Award . The Participant is hereby granted the
number of Covered Shares set forth in paragraph 1.
3.
Dividends and Voting Rights . The Participant shall be
entitled to receive any dividends paid with respect to the Covered
Shares that become payable during the Restricted Period; provided,
however, that no dividends shall be payable to or for the benefit
of the Participant for Covered Shares with respect to record dates
occurring prior to the Grant Date, or with respect to record dates
occurring on or after the date, if any, on which the Participant
has forfeited those Covered Shares.

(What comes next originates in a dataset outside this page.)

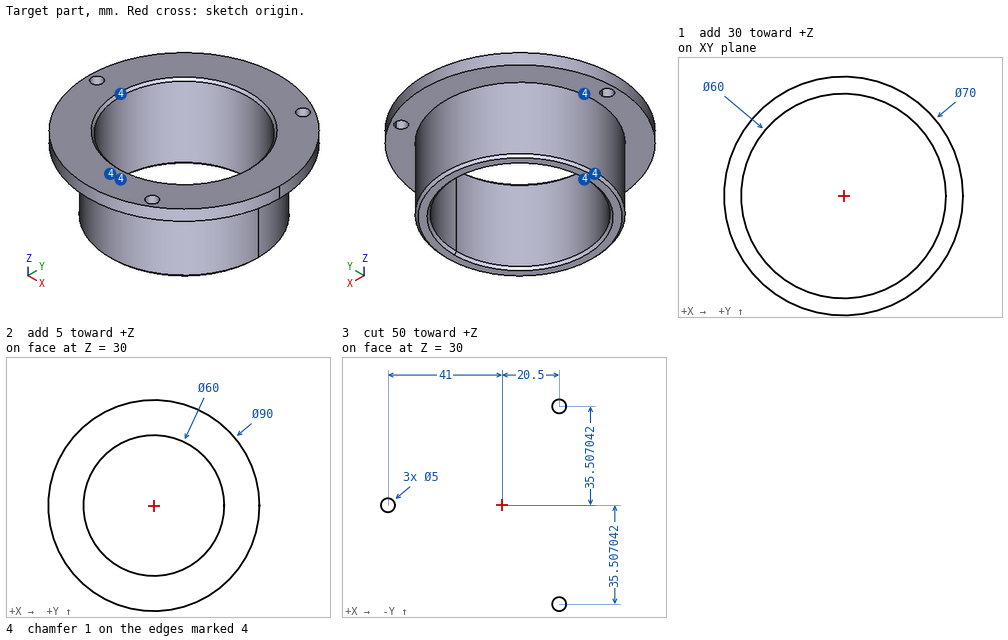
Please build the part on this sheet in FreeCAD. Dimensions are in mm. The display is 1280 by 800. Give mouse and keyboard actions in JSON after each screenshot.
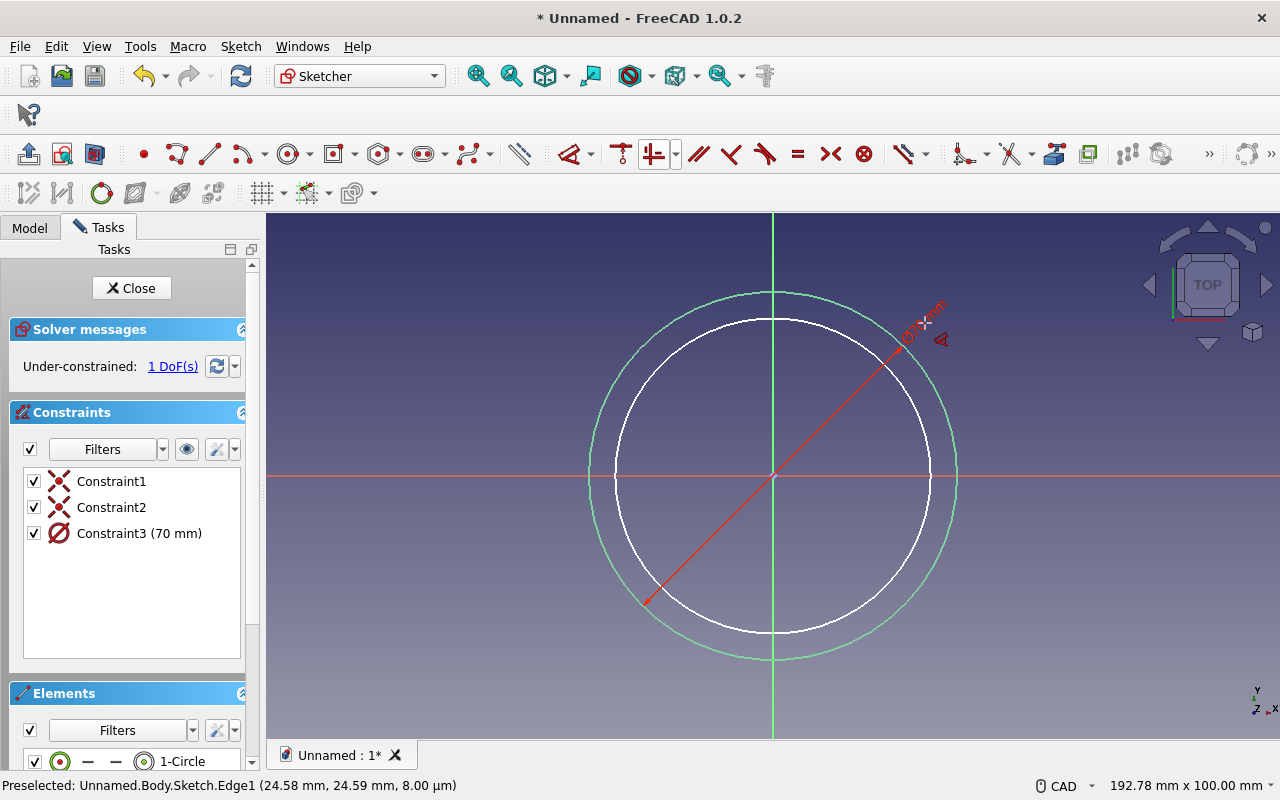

The Participant shall be
entitled to vote the Covered Shares during the Restricted Period to
the same extent as would have been applicable to the
Participant
if the Participant was then vested in the
shares; provided, however, that the Participant shall not be
entitled to vote the shares with respect to record dates for such
voting rights arising prior to the Grant Date, or with respect to
record dates occurring on or after the date, if any, on which the
Participant has forfeited those Covered Shares.
4.
Deposit of Covered
Shares . During the
Restricted Period, each Covered Share granted under this Agreement
shall be registered in the name of the Participant and shall be
deposited with the Company’s transfer agent (either on a
certificated or uncertificated basis as determined by the
Committee). The grant of the Covered Shares is conditioned
upon the Participant endorsing in blank a stock power for the
Covered Shares.
5.
Transfer, Vesting and Forfeiture
of Shares . Subject
to the terms and conditions of this Agreement, if the Date of
Termination does not occur during the Restricted Period with
respect to any Installment of the Covered Shares, then, at the end
of the Restricted Period for such shares, the Participant shall
become vested in those Covered Shares, and shall own the shares
free of all restrictions otherwise imposed by this Agreement, other
than those set forth in paragraph 6 hereof. With respect to
any of the Covered Shares, the period during which such Covered
Shares are not vested (and are therefore subject to forfeiture) is
referred to herein as the “Restricted Period”.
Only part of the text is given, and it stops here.